Government officials say they have provided detained parents with a flier with a toll-free number for the Office of Refugee Resettlement, the U.S. agency that is usually in charge of providing shelter for unaccompanied immigrant children. But not a single one of Goodwin’s clients had received one, she said. Lawyers maintain that when they have called the number, often no one answered. In some cases, when someone did pick up, that person refused to offer details of where children had been taken, the lawyers said.

“You wait and wait for no information,” said Jerry Wesevich, an attorney at Texas Rio Grande Legal Aid who is suing the government over the family separations.

Further complicating matters are bureaucratic errors that could leave government officials unaware that a child’s parent is detained in the United States. Attorneys also worry that some toddlers, or children who speak indigenous languages, might not have been able to give officials their parents’ complete names.

Because of such complications, attorneys and former U.S. officials have begun speaking about the possibility of “permanent separations.”

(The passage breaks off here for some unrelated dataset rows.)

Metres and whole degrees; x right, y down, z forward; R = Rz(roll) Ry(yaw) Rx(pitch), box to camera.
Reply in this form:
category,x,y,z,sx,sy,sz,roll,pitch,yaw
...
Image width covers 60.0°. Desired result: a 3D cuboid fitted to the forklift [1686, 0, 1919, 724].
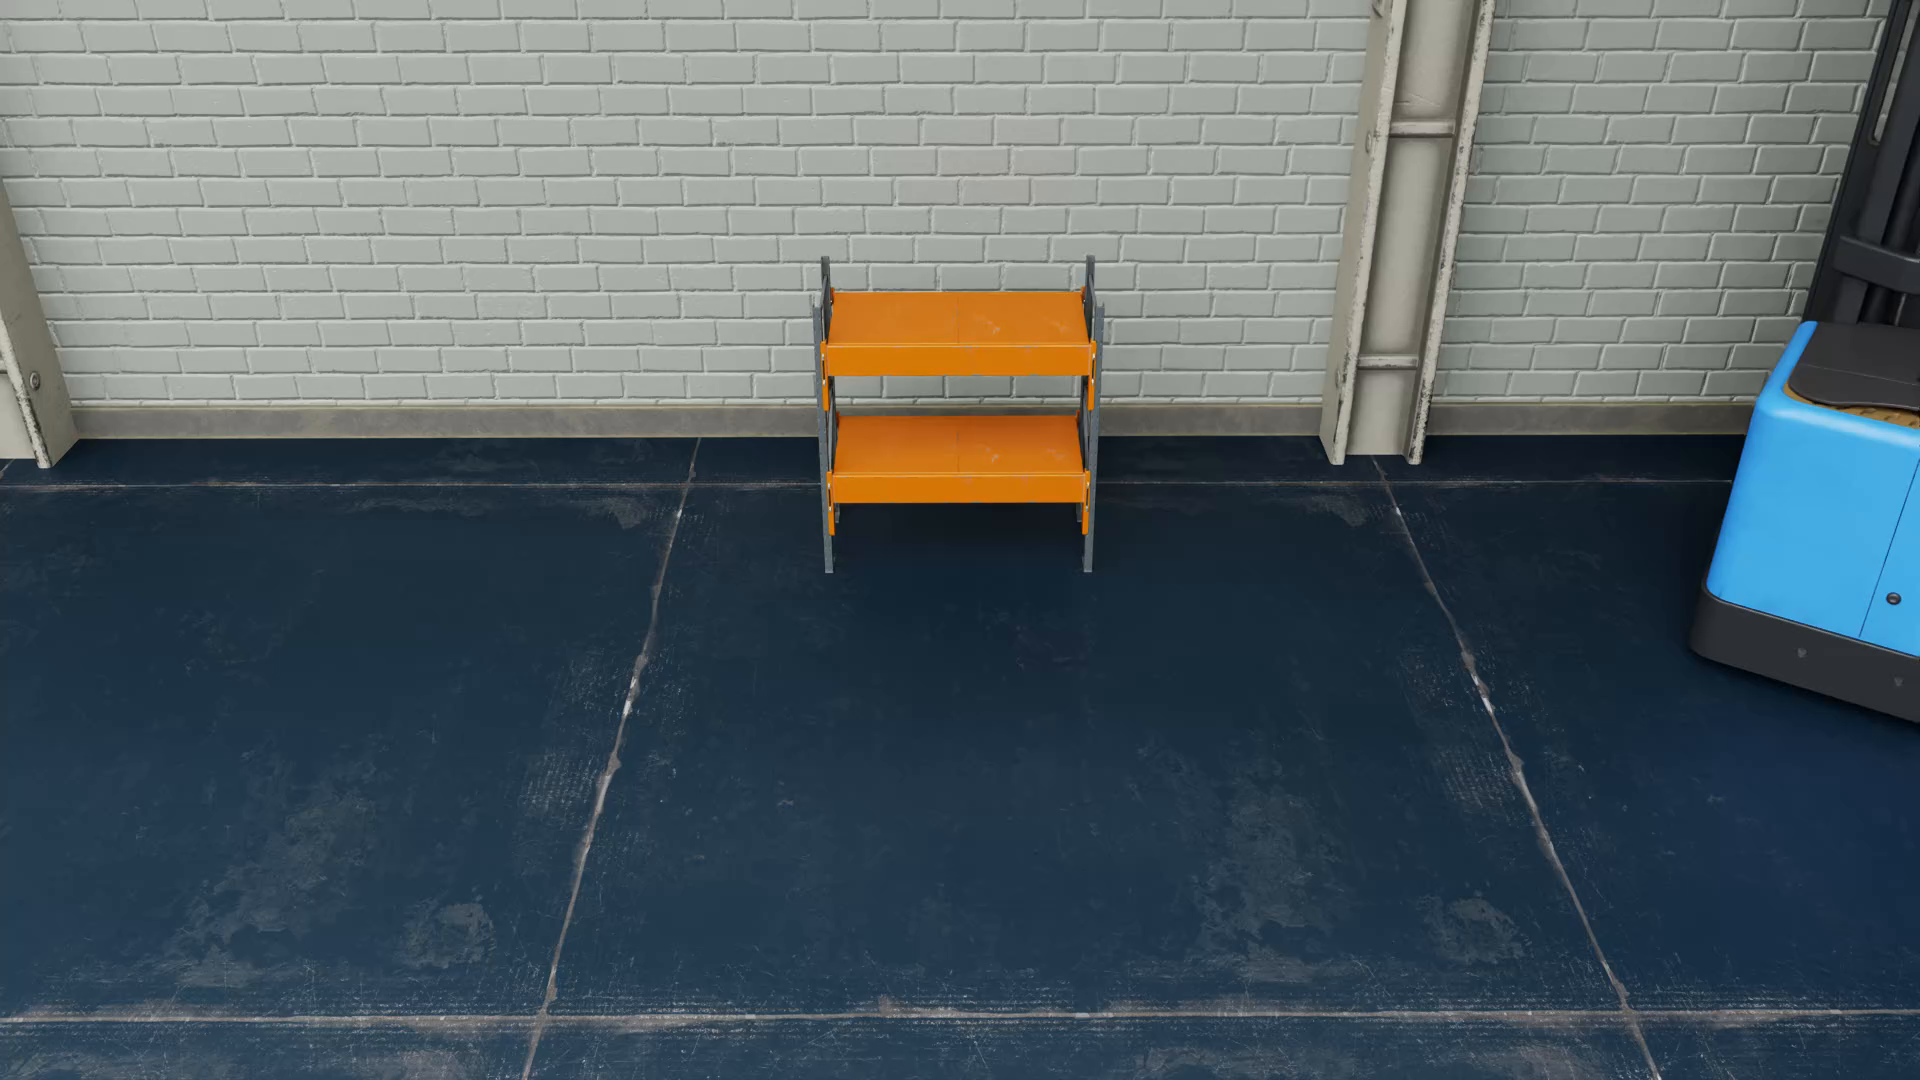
category,x,y,z,sx,sy,sz,roll,pitch,yaw
forklift,3.854,-1.300,6.067,1.130,2.935,3.031,19,36,28

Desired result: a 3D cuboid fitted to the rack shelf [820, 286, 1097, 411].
category,x,y,z,sx,sy,sz,roll,pitch,yaw
rack shelf,-0.007,-0.731,6.306,1.000,0.278,0.538,0,31,0

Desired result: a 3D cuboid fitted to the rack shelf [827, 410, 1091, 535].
category,x,y,z,sx,sy,sz,roll,pitch,yaw
rack shelf,-0.007,-0.272,6.585,1.000,0.278,0.538,0,31,0

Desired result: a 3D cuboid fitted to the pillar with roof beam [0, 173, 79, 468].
category,x,y,z,sx,sy,sz,roll,pitch,yaw
pillar with roof beam,-4.147,-2.008,1.385,0.400,9.000,9.100,0,31,0

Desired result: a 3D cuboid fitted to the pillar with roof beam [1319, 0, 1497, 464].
category,x,y,z,sx,sy,sz,roll,pitch,yaw
pillar with roof beam,1.853,-2.027,1.416,0.400,9.000,9.100,0,31,0

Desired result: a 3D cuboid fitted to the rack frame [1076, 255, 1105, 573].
category,x,y,z,sx,sy,sz,roll,pitch,yaw
rack frame,0.502,-0.482,6.461,0.032,1.125,0.500,0,31,0

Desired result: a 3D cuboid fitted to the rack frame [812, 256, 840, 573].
category,x,y,z,sx,sy,sz,roll,pitch,yaw
rack frame,-0.515,-0.479,6.456,0.032,1.125,0.500,0,31,0

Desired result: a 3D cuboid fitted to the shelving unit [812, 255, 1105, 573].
category,x,y,z,sx,sy,sz,roll,pitch,yaw
shelving unit,-0.007,-0.481,6.458,1.048,1.125,0.538,0,31,0

In the case of one Guatemalan family, the Border Patrol failed to note in its apprehension report that a mother and daughter crossed the border together, according to Wesevich. Without that information, government officials might not be aware that the child’s parent is detained in the United States.

In other cases, Cornelio said, children arrive at shelters without the facility knowing that they have been separated from their parents, meaning they could be considered unaccompanied minors rather than children in need of reunification.

The U.S. government spent months developing the family-separation system, but authorities were struggling Thursday to figure out how to reunite detained parents with children. There was no system for Immigrations and Customs Enforcement, which handled the parents’ cases, to work on the issue with the refugee resettlement office, which is responsible for the children.